Every line below that includes the word "computer" needs to be copied.

Content starts

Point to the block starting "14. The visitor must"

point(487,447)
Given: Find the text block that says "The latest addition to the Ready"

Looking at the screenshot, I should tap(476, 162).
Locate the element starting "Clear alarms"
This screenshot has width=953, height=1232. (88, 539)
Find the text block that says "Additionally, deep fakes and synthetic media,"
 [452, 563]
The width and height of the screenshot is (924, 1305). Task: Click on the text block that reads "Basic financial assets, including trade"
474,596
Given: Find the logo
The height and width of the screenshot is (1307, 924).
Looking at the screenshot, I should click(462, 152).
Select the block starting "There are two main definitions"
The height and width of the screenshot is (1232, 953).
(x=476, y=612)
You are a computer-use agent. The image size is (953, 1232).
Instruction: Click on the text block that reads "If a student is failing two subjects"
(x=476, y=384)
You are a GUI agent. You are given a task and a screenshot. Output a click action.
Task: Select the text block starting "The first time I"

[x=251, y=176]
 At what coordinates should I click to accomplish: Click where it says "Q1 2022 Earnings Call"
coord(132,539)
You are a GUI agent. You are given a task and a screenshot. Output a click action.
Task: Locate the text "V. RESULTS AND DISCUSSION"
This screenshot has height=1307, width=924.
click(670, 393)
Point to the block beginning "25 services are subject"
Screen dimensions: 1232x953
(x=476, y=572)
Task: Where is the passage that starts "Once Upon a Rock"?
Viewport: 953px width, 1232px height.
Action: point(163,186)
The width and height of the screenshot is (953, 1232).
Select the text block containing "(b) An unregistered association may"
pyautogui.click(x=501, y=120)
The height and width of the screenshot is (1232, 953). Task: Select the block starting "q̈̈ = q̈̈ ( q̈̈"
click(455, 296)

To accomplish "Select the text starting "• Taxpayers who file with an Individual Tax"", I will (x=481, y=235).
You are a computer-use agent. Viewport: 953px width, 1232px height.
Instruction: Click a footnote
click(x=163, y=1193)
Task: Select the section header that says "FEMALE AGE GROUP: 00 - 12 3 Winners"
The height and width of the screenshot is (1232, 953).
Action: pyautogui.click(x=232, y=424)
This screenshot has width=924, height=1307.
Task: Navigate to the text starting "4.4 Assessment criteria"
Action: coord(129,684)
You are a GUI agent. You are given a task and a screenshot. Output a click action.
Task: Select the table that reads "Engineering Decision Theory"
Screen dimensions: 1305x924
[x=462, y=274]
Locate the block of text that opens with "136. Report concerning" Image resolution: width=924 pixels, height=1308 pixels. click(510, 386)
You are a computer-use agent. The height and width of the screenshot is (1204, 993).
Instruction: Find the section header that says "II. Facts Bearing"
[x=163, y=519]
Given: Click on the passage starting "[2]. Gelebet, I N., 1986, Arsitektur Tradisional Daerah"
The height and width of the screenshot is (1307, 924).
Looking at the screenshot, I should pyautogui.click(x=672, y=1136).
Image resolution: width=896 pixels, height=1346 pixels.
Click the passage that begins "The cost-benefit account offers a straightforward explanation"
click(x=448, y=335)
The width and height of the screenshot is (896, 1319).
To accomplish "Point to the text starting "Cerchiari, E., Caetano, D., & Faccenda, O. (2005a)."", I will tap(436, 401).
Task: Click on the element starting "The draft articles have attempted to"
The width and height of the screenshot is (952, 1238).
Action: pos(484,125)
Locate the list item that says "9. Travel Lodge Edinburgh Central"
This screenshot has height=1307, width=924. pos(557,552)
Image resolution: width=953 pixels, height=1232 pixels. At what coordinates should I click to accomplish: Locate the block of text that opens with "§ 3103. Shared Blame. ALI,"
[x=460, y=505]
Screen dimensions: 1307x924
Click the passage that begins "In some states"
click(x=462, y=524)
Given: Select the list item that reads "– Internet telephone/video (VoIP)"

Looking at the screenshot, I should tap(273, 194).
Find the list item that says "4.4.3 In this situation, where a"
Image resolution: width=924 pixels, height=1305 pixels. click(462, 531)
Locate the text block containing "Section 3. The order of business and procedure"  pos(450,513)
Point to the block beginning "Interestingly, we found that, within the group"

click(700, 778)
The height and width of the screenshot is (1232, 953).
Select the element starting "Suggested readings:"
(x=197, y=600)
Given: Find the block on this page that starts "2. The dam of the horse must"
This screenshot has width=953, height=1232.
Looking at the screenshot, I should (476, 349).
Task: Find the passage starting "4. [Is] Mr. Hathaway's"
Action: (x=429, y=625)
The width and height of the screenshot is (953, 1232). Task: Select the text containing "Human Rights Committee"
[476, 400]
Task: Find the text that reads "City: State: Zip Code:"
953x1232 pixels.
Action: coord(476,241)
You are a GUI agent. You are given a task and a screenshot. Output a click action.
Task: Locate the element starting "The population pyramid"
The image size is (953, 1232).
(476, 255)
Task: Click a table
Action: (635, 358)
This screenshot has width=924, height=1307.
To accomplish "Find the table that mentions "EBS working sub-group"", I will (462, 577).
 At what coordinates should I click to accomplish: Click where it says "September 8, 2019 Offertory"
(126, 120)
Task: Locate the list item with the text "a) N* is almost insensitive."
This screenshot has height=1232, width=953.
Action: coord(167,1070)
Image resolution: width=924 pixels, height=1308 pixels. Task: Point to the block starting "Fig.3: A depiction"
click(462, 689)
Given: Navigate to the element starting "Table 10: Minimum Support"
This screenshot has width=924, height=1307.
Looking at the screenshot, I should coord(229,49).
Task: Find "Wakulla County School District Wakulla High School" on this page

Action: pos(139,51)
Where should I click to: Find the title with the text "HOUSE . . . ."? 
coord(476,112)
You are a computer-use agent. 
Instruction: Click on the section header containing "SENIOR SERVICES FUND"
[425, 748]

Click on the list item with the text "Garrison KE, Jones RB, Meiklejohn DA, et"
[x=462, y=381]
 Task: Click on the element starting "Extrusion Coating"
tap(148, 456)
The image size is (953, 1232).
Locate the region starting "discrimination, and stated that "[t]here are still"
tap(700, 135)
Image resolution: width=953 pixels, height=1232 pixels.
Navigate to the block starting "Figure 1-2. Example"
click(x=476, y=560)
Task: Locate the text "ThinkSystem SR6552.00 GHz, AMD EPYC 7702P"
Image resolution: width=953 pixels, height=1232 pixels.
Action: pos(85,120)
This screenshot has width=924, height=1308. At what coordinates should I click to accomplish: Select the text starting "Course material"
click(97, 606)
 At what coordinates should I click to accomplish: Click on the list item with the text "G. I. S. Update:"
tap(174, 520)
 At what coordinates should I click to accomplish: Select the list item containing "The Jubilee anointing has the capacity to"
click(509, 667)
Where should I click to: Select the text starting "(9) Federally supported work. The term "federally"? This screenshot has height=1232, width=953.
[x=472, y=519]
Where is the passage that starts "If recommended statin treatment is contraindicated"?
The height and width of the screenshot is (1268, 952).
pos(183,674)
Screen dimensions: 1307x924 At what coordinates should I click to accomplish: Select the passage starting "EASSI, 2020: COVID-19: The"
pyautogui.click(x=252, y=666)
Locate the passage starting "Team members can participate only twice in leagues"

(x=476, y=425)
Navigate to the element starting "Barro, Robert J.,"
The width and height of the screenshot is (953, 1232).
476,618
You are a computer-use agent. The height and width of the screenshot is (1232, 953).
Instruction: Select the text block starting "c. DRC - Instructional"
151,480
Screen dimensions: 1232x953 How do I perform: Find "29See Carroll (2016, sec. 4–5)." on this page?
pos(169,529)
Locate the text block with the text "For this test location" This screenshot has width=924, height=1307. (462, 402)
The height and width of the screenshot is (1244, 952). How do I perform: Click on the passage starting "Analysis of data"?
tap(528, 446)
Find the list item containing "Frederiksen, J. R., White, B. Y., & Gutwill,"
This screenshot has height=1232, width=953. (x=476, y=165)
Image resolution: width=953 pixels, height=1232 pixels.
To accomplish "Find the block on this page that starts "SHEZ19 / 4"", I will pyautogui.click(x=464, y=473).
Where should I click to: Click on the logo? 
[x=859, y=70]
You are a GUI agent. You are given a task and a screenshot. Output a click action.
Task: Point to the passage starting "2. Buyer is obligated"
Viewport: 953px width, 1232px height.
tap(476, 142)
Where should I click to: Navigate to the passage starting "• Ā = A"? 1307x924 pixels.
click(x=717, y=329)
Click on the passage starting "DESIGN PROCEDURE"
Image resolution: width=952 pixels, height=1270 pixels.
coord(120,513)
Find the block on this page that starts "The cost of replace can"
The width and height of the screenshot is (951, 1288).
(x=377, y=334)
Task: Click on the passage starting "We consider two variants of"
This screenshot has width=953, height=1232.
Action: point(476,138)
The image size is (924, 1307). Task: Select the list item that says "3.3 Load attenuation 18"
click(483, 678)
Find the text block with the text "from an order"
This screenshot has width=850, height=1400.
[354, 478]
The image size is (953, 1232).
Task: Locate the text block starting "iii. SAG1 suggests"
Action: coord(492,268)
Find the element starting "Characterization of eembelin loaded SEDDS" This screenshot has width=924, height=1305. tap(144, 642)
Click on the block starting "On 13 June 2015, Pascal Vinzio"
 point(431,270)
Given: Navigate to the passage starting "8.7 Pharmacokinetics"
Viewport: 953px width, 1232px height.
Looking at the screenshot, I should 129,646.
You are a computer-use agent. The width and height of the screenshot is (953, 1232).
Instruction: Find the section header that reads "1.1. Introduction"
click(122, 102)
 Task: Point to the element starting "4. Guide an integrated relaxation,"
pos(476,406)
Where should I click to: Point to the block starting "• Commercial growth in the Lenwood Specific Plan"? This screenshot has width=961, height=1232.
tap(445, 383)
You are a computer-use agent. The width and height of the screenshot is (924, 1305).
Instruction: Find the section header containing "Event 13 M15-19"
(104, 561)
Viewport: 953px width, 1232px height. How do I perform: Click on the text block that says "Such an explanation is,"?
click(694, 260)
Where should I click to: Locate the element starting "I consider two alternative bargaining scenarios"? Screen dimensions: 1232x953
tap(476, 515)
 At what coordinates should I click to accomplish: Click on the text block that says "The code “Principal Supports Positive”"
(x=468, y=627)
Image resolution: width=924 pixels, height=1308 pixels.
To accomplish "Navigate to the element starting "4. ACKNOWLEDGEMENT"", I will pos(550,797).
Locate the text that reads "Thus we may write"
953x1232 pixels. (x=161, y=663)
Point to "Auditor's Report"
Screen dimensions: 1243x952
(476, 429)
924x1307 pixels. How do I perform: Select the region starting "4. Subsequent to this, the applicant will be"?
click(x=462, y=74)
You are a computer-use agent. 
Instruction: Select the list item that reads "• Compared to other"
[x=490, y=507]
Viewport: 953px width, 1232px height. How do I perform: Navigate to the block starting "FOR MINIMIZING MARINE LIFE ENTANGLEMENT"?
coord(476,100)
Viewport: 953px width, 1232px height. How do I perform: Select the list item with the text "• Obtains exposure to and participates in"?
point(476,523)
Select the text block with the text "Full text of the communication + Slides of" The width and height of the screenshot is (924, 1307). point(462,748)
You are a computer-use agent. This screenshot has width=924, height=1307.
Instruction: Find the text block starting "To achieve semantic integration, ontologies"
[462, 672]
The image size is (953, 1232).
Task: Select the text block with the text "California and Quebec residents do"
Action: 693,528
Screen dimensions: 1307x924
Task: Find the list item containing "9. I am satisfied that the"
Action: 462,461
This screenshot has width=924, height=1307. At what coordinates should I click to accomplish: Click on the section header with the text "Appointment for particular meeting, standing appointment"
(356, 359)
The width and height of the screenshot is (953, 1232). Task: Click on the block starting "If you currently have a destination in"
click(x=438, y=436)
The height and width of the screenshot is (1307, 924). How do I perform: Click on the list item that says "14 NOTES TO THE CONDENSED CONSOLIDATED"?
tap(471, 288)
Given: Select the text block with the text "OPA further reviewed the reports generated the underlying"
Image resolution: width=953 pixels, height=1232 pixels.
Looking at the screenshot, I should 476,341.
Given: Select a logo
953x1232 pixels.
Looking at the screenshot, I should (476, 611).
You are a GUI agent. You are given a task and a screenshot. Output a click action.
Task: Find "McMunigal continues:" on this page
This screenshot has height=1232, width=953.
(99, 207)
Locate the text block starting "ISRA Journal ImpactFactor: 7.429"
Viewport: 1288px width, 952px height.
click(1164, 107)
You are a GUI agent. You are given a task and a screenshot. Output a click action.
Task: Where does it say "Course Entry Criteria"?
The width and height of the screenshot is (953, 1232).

Content ends

- Written solution -
You are a computer-use agent. The image size is (953, 1232).
You are a computer-use agent. Viewport: 953px width, 1232px height.
You are a computer-use agent. The height and width of the screenshot is (1204, 993).
You are a computer-use agent. 
You are a computer-use agent. The height and width of the screenshot is (1232, 953).
You are a computer-use agent. The width and height of the screenshot is (953, 1232).
You are a computer-use agent. The width and height of the screenshot is (924, 1305).
You are a computer-use agent. 
You are a computer-use agent. This screenshot has width=924, height=1307.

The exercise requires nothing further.